_Activity_
Set down, exactly as written, the lines from the top of the data to the line that holds "- rack frame [1035, 304, 1090, 604]", and omit the pictures.

_Stored data_
= = = = = = =

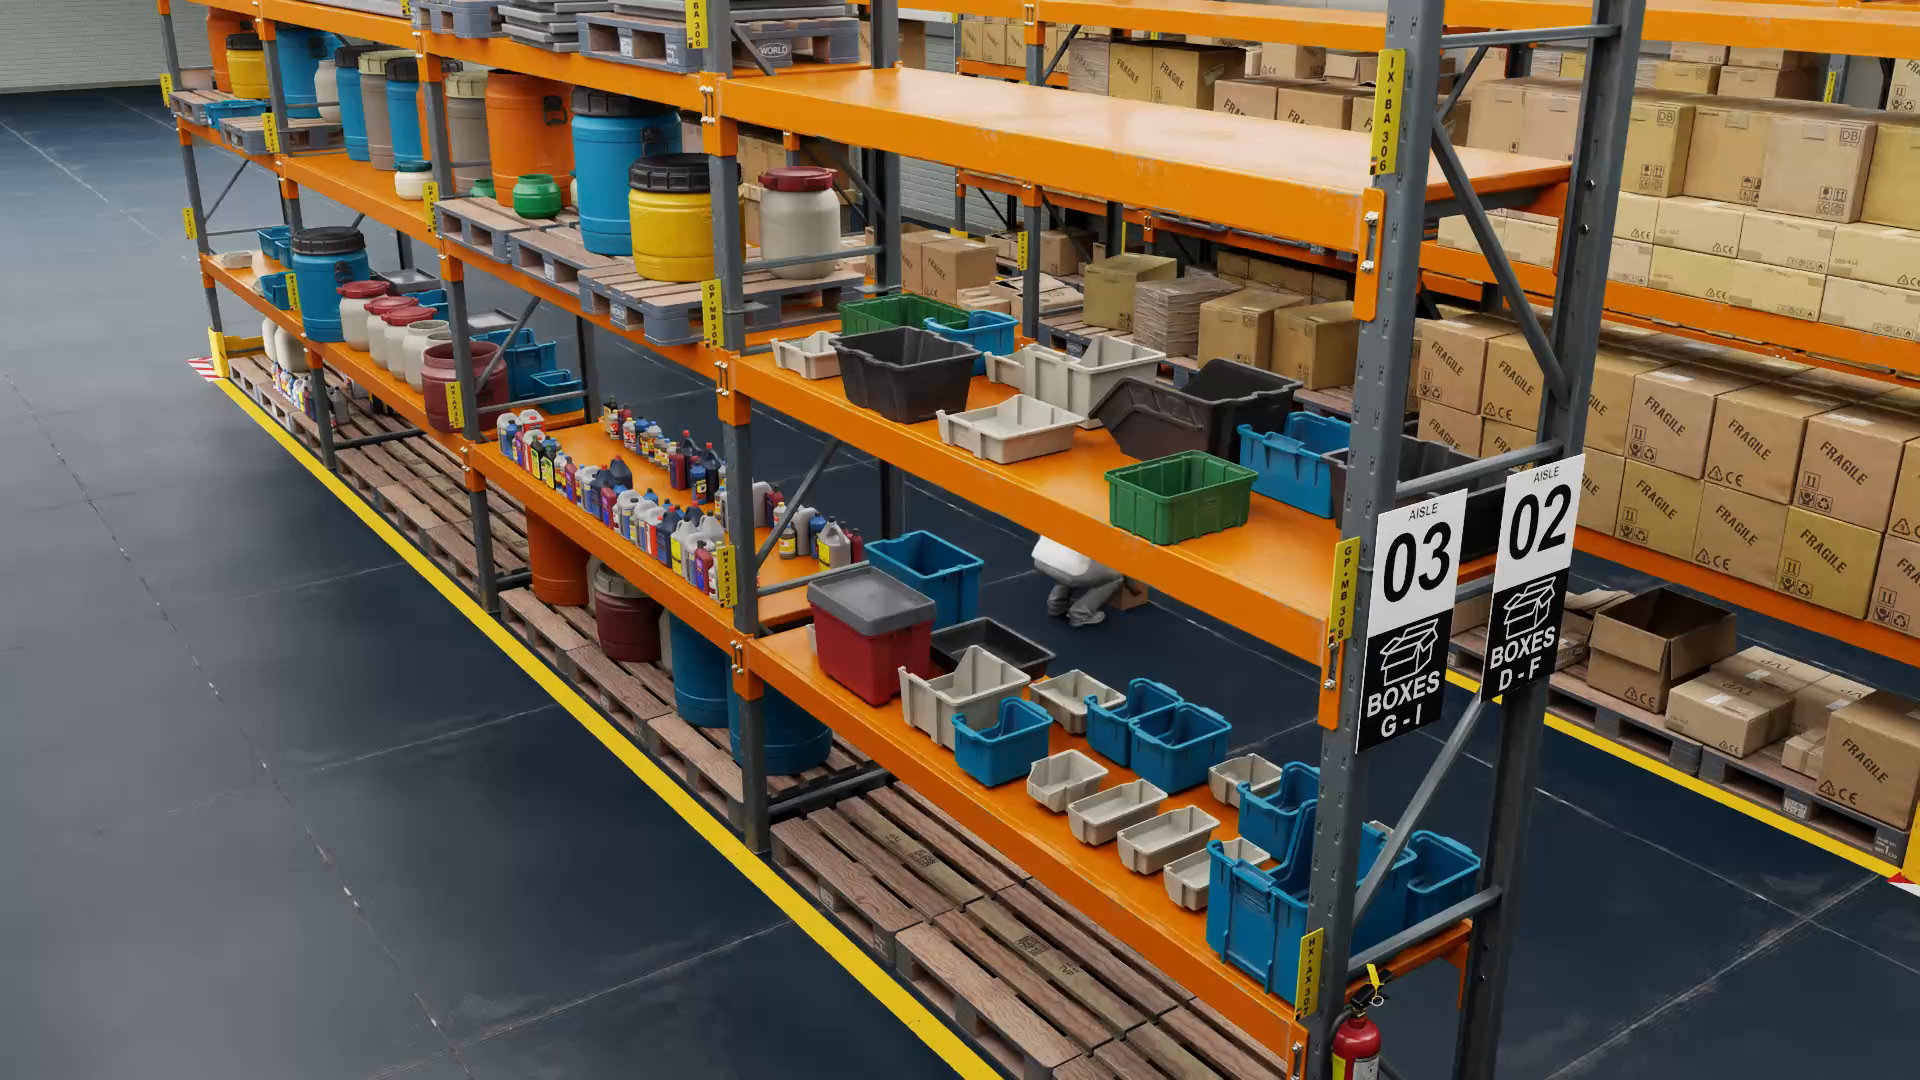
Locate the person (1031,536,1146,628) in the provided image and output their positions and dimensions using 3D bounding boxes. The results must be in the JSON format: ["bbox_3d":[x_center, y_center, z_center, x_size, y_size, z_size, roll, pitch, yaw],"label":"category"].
[{"bbox_3d":[0.937,0.091,11.987,0.913,0.930,0.538,-15,26,-33],"label":"person"}]
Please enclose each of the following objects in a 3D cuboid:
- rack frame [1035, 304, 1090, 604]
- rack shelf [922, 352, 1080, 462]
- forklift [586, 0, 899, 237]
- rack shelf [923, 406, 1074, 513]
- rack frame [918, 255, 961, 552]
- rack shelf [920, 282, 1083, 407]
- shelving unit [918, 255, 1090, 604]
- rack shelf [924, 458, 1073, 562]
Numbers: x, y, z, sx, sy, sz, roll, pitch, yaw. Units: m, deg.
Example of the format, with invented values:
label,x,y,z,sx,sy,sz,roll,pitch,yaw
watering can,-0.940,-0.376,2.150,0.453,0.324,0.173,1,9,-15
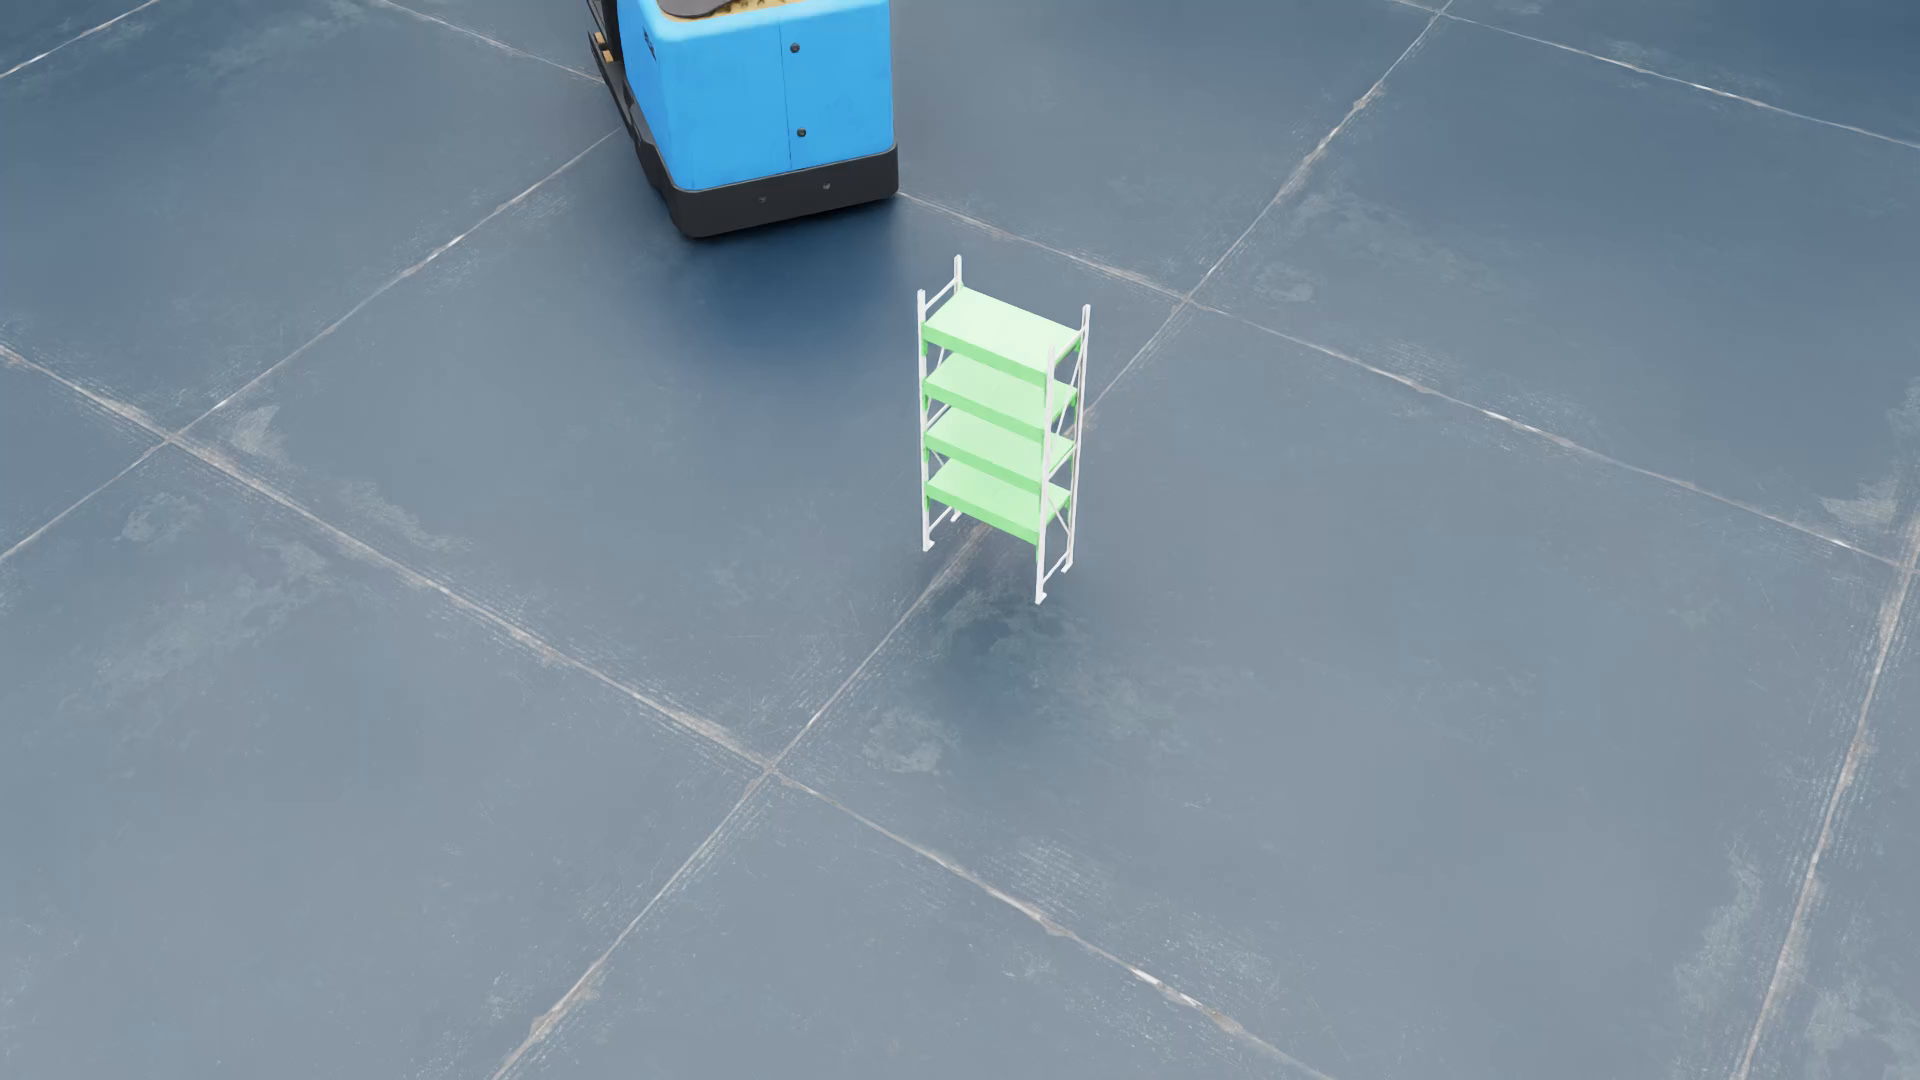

= = = = = = =

_Written solution_
Locate the person (1031,536,1146,628) in the provided image and output their positions and dimensions using 3D bounding boxes. The results must be in the JSON format: ["bbox_3d":[x_center, y_center, z_center, x_size, y_size, z_size, roll, pitch, yaw],"label":"category"].
[{"bbox_3d":[0.937,0.091,11.987,0.913,0.930,0.538,-15,26,-33],"label":"person"}]
Please enclose each of the following objects in a 3D cuboid:
- rack frame [1035, 304, 1090, 604]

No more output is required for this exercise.